The dollar index (DXY00) on Thursday rose by +0.36%. The dollar rose Thursday on comments from St. Louis Fed President Bullard, who said interest rates need to increase further to reach a restrictive level, and from Minneapolis Fed President Kashkari, who said the Fed is "not there yet" on ending its progression of interest rate hikes. Also, higher T-note yields Thursday supported moderate gains in the dollar. In addition, weakness in stocks sparked some liquidity demand for the dollar.
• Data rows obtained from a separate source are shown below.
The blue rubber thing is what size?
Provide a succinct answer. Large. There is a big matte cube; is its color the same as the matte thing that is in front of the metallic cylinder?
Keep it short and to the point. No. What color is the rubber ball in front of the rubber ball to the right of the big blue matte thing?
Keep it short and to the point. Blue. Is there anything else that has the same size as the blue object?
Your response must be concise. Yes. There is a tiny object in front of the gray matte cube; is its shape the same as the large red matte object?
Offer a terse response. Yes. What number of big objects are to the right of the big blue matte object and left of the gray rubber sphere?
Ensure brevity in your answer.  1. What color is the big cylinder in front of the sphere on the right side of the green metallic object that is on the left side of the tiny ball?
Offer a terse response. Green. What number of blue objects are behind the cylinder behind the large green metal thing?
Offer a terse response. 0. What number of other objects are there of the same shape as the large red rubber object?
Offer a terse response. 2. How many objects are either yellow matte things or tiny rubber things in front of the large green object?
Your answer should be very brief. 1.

Thursday’s U.S. economic news was mixed for the dollar. On the bullish side, weekly initial unemployment claims unexpectedly fell -4,000 to 222,000, showing a stronger labor market than expectations of an increase to 228,000. Also, Oct housing starts fell -4.2% m/m to 1.425 million, stronger than expectations of 1.41 million. On the negative side, Oct building permits, a proxy for future construction, fell -2.4% m/m to a 2-year low of 1.526 million, although that was stronger than expectations of 1.514 million. Also, the Nov Philadelphia Fed business outlook survey unexpectedly fell -10.7 to a 2-1/2 year low of -19.4, weaker than expectations of an increase to -6.0.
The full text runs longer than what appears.